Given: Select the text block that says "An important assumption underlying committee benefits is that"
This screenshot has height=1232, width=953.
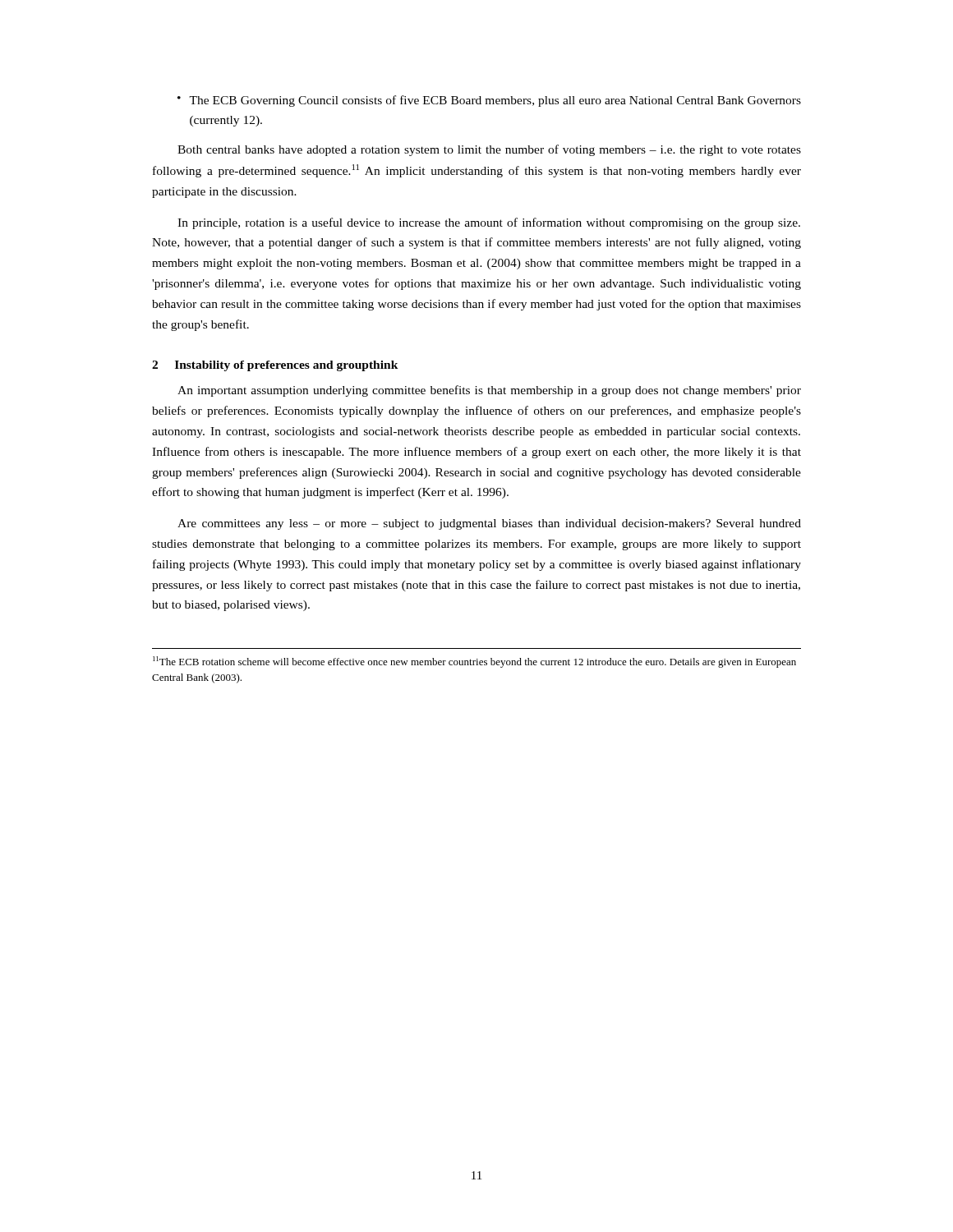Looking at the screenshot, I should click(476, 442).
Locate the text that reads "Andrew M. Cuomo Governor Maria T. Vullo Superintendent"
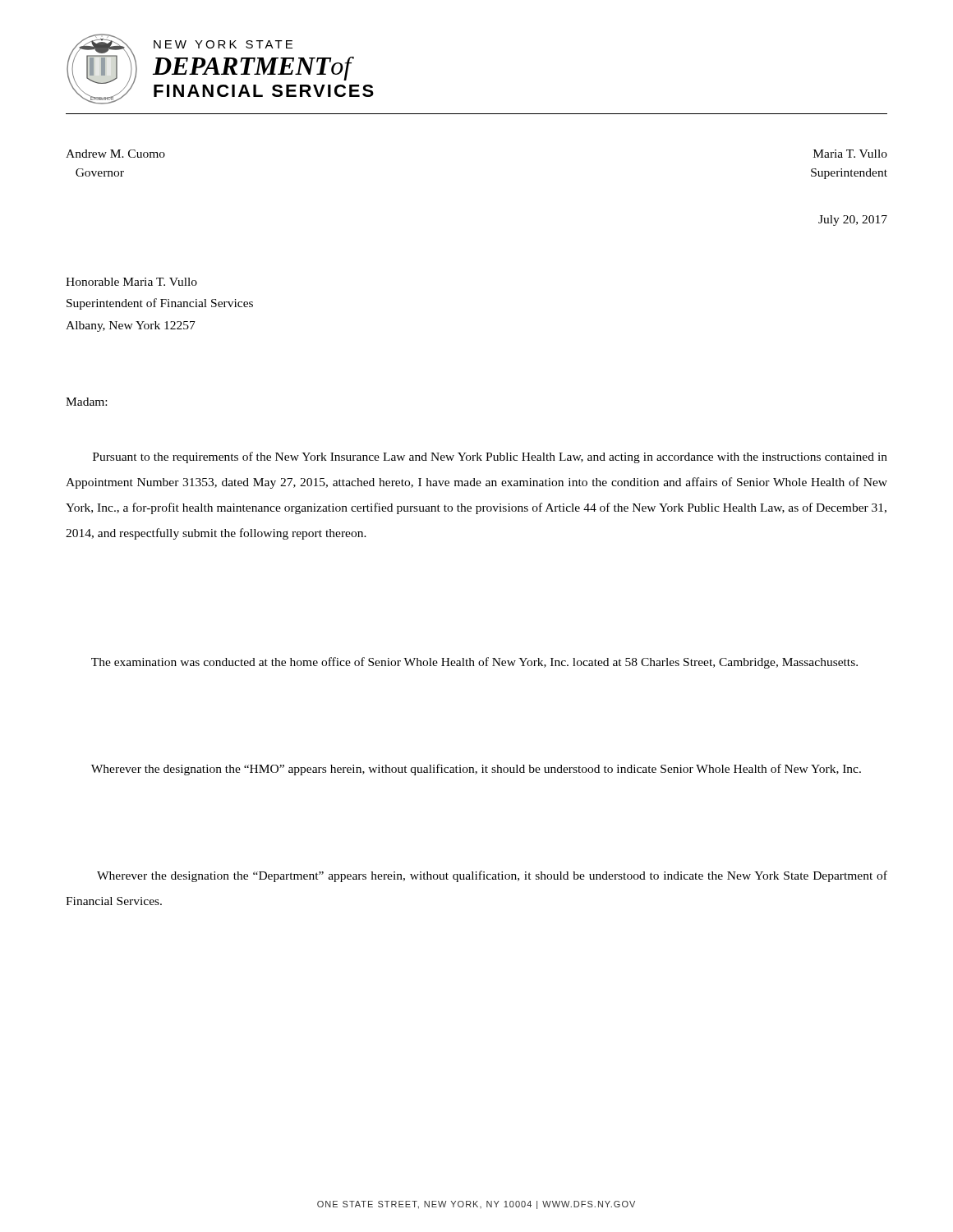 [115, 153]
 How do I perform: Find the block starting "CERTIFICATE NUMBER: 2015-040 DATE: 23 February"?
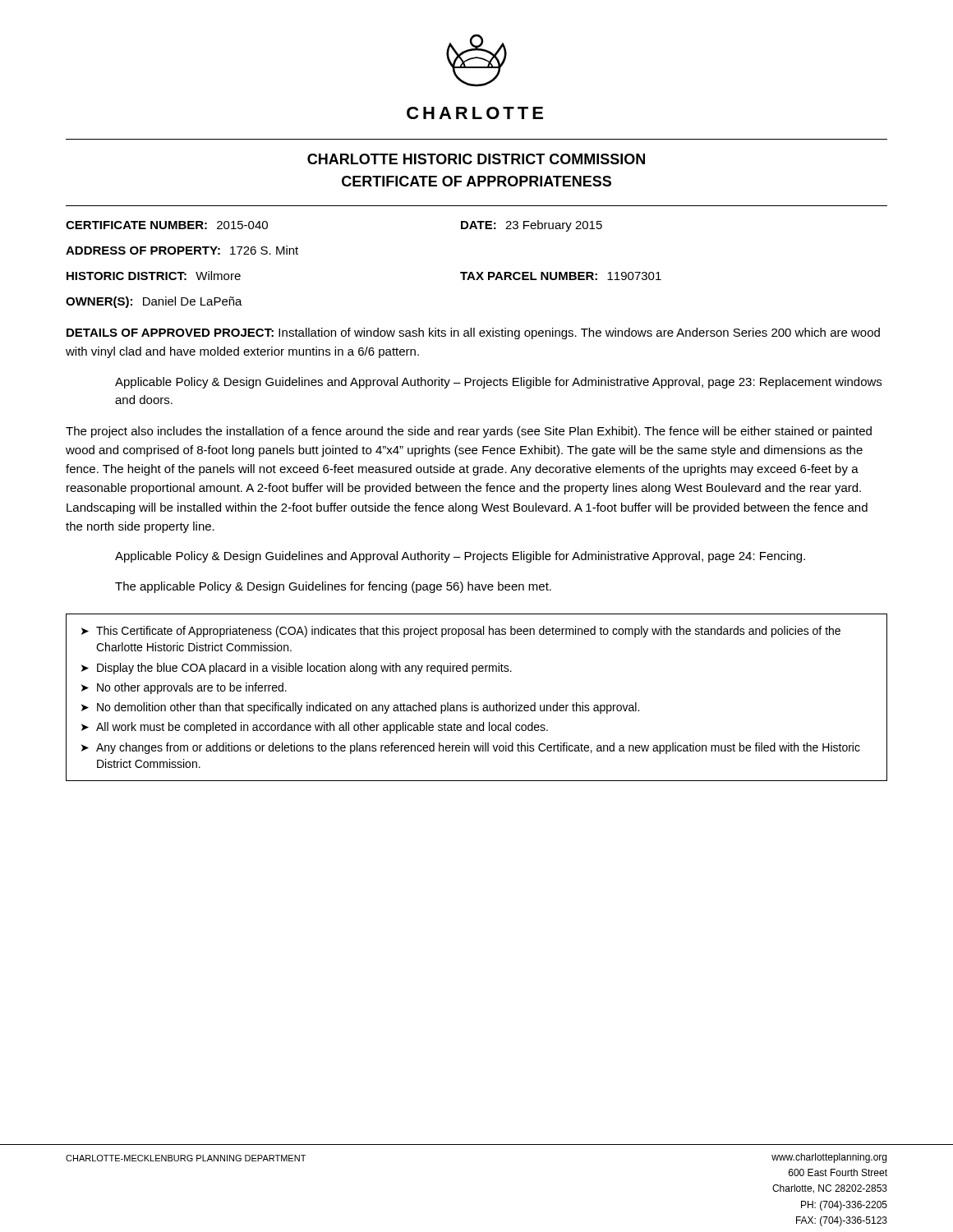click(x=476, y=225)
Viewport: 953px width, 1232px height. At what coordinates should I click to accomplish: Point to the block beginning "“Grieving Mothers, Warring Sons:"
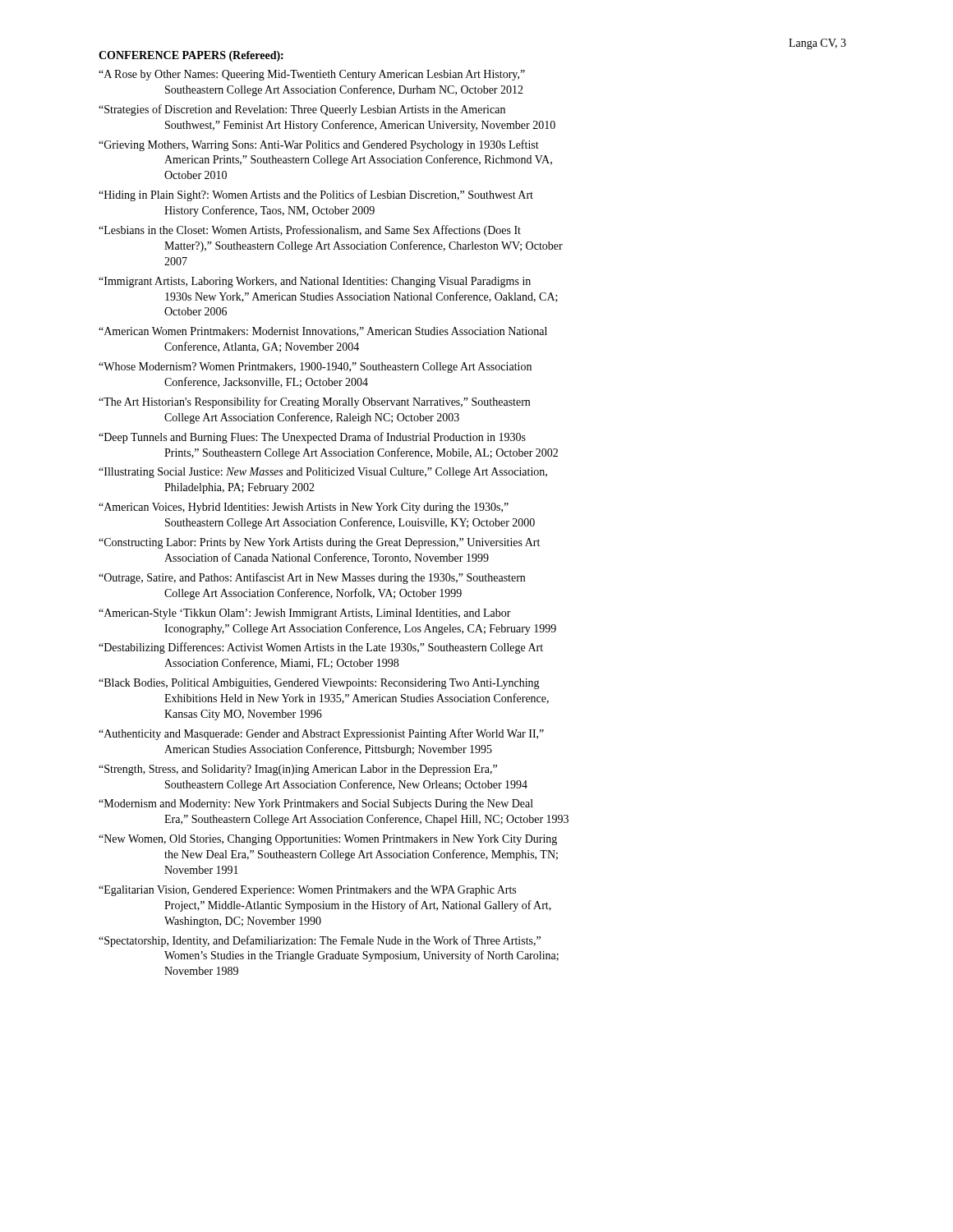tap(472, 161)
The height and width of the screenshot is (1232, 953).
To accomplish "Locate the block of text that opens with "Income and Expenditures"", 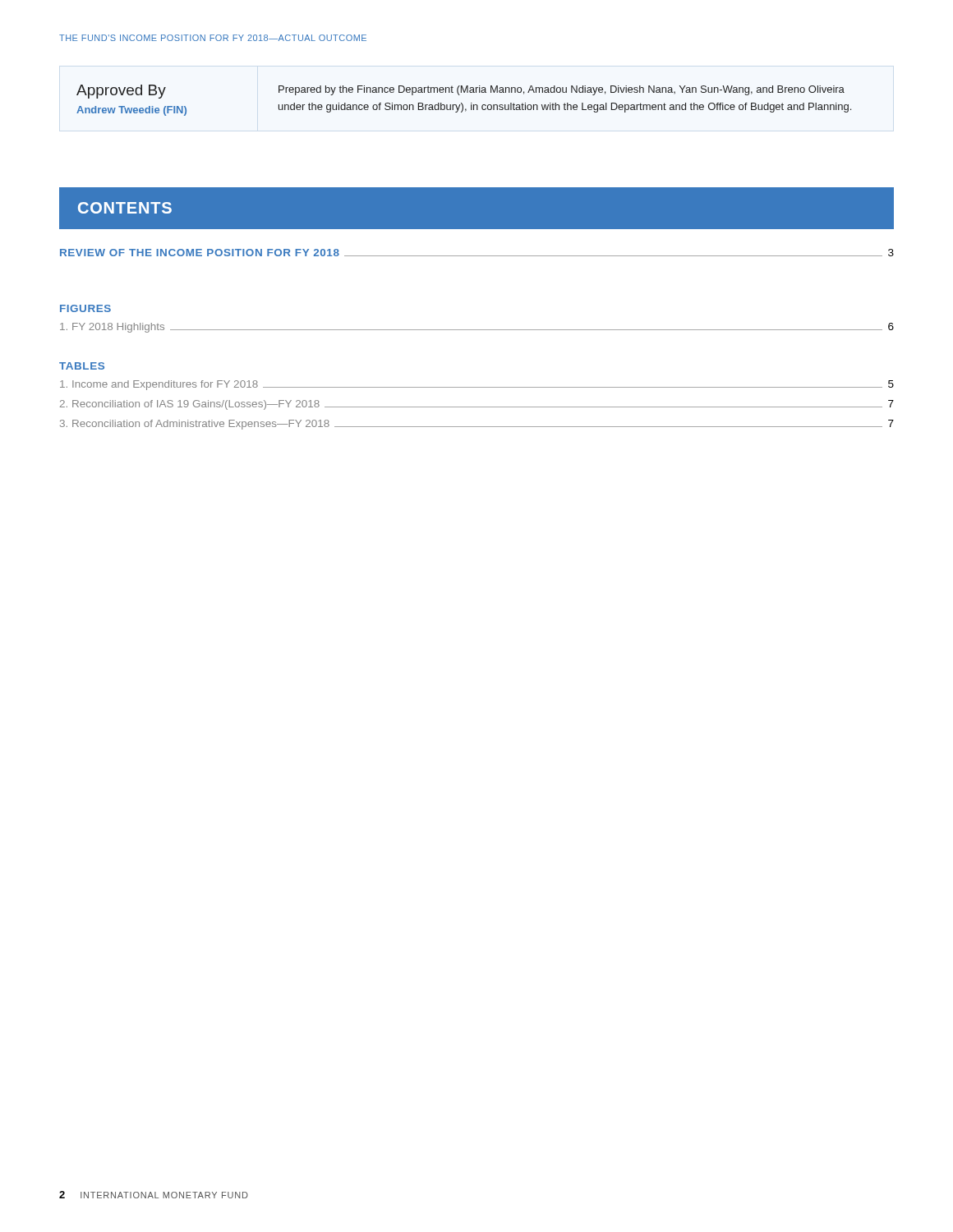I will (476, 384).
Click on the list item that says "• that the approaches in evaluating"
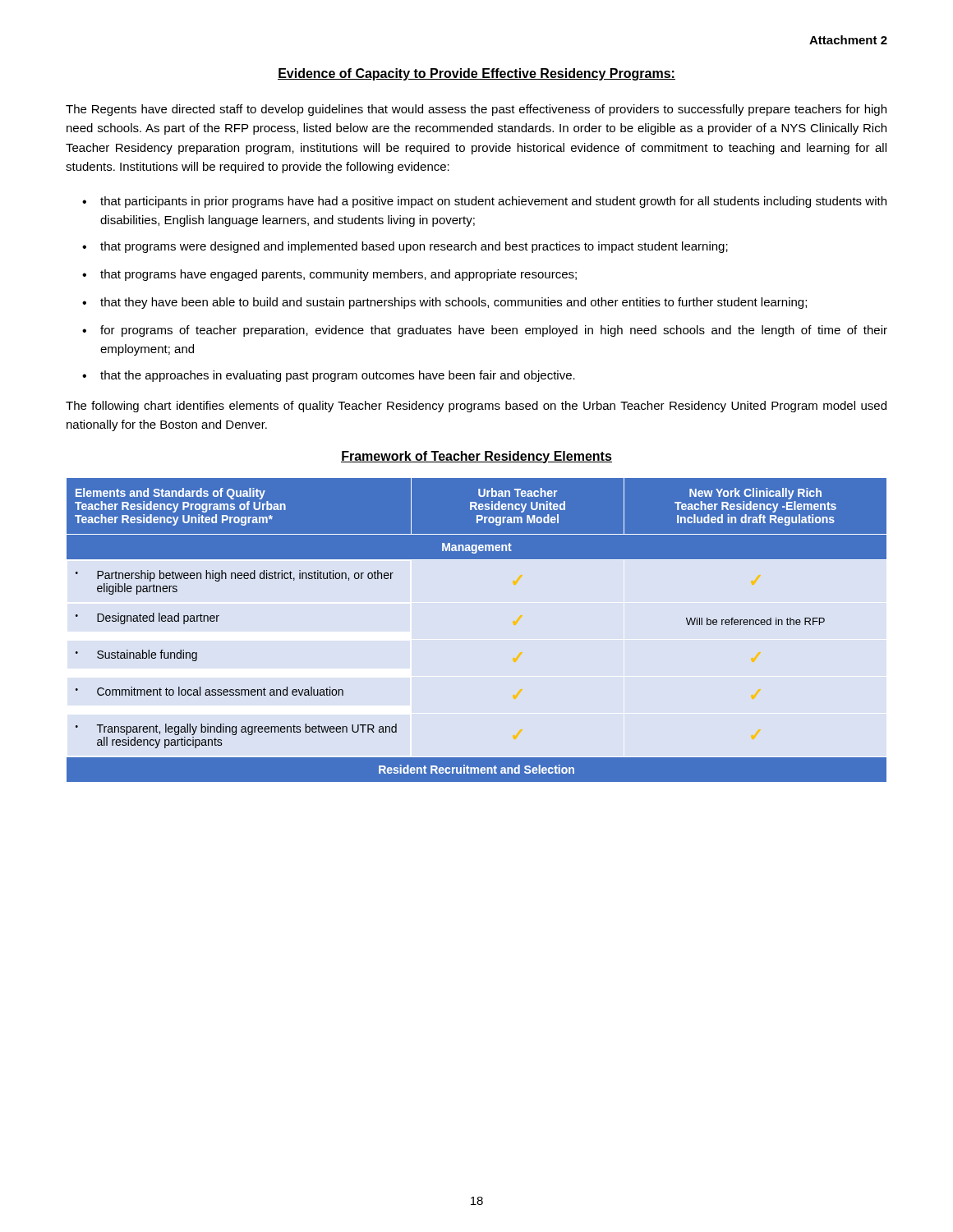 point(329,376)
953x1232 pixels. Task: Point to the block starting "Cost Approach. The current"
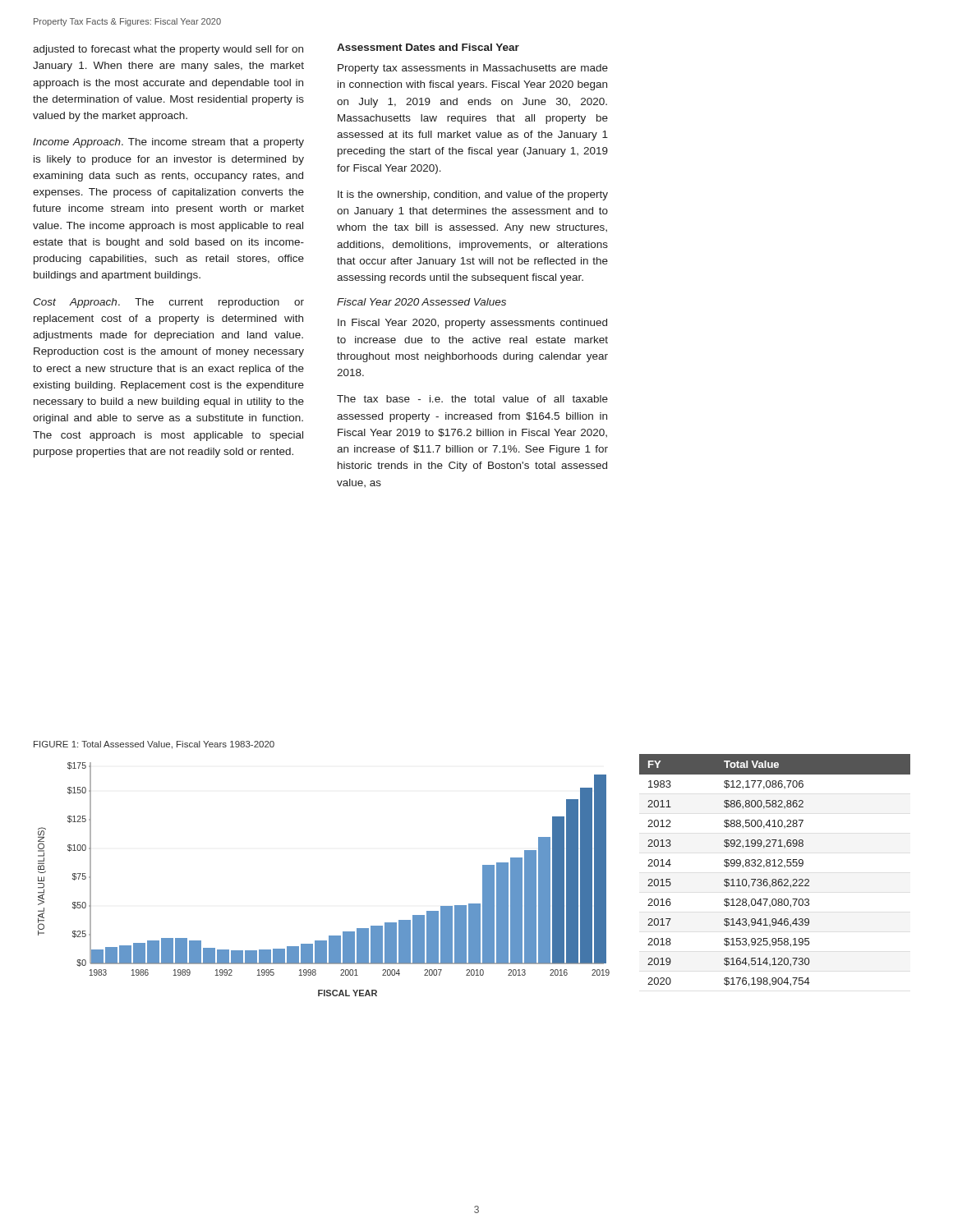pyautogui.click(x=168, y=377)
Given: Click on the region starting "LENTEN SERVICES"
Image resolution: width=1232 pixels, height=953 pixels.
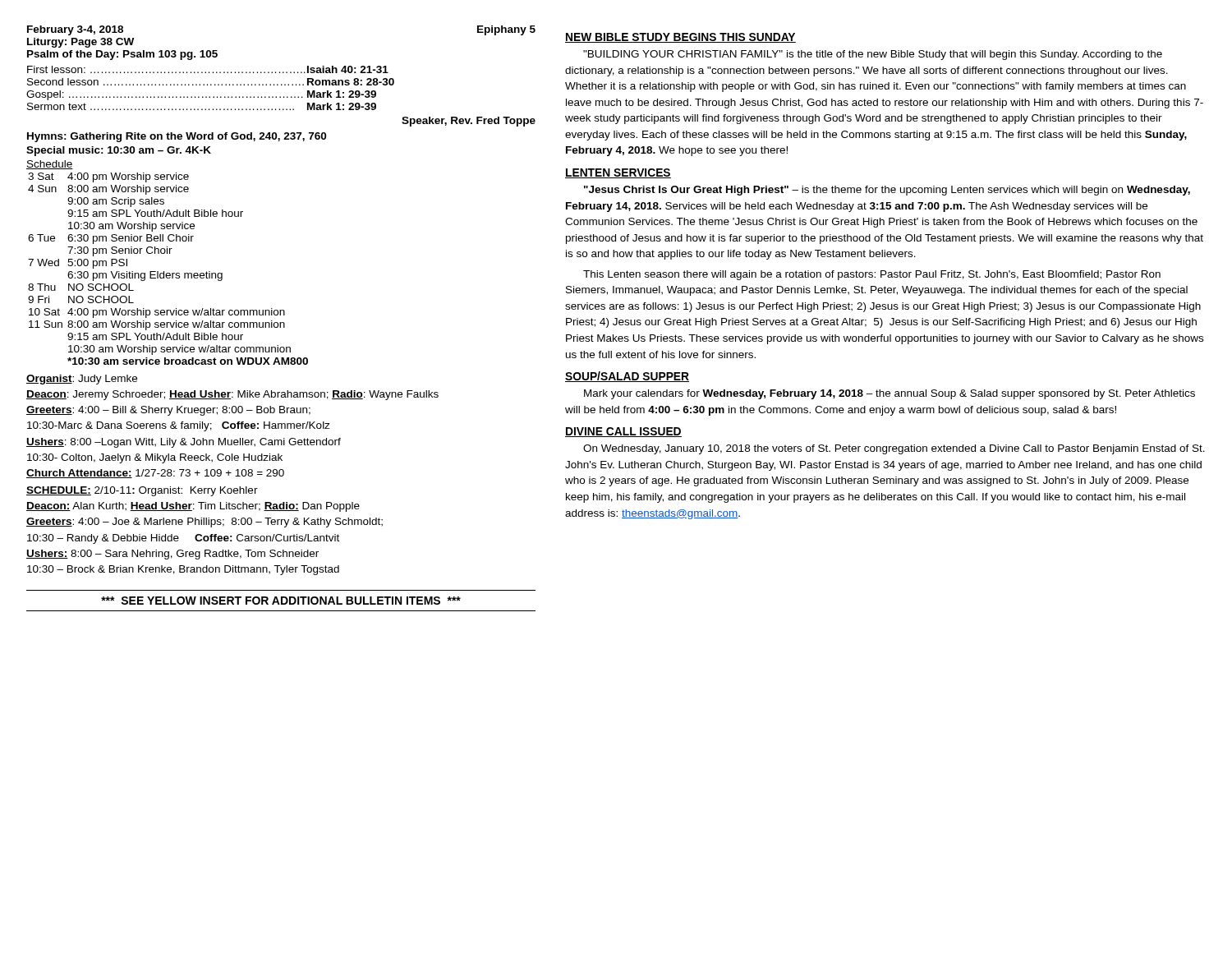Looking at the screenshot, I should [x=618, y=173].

****

PROBLEM TO SOLVE :: Gather each line of the listing containing the word "Given" and show it.

ANSWER SECTION ::
Given: Select the text block that says "An important assumption underlying committee benefits is that"
Given: Click on the region starting "LENTEN SERVICES"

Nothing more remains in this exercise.